Sophy Burnham, A Book of Angels, Part 2

Once I asked my father if he believed in God. He put down his papers, removed his glasses, uncrossed his legs, and considered his answer:

"I have no reason to believe in God," he said. "I have never seen anything to convince me there is a God. On the other band," he continued, voice lifting in his legal lilt, "I've noticed throughout my life that all of the most brilliant minds of every generation believe in God--Tolstoy, Einstein, Marcus Aurelius--and who am I to say there's not? So I tend to go along with Pascal that if there's a God, I'm better off paying my dues, and if there isn't one, I haven't lost anything. You should hedge your bets."

I tell this to show that my environment did not encourage psychic experiences or the weird meanderings of a mind deranged. We were pragmatic.

Of course, if the conversation at the dining room table suddenly came to a halt for ten or twenty seconds, my mother or an aunt might say, "There's an angel passing through the room." For an instant we children would consider what an angel might look like and why we would all grow still at its approach. "There's an angel passing through the room," a grown-up would say; the silence would fracture like glass into laughter and the conversations pick up again, bright and sharp as wind.

So that was our childhood--my sister, brother, and myself romping with our dogs and clambering on the chicken-house roof when our mother wouldn't see, or jumping off the garage rafters; we climbed trees and swung green as apples in our Eden. We rode to school in a car pool, sat dully in overheated classes, stupefied by the hissing radiators and bored by the monotony of the teacher's voice. We learned the proper rules. We fought with friends, made up, sulked or laughed in perfectly normal, thoughtless, childhood life. The only thing that made us different perhaps was the isolation of living in the country during World War II. We listened to the radio, talked to one another, read.

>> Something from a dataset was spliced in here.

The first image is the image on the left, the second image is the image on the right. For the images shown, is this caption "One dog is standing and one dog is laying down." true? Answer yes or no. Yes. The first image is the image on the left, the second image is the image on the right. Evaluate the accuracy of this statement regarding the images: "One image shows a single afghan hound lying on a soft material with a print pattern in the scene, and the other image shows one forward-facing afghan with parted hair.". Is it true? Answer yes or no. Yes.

We read constantly. We read the classics and were ridiculed for not having finished all of Shakespeare before the age of twelve, as our Aunt Kate had, or for not having opened Herodotus. I went away to boarding school, continued on to college, graduated, and got a job as a typist (which is what a woman did in those days when she graduated with honors from a major college). I married. I had children. I worked.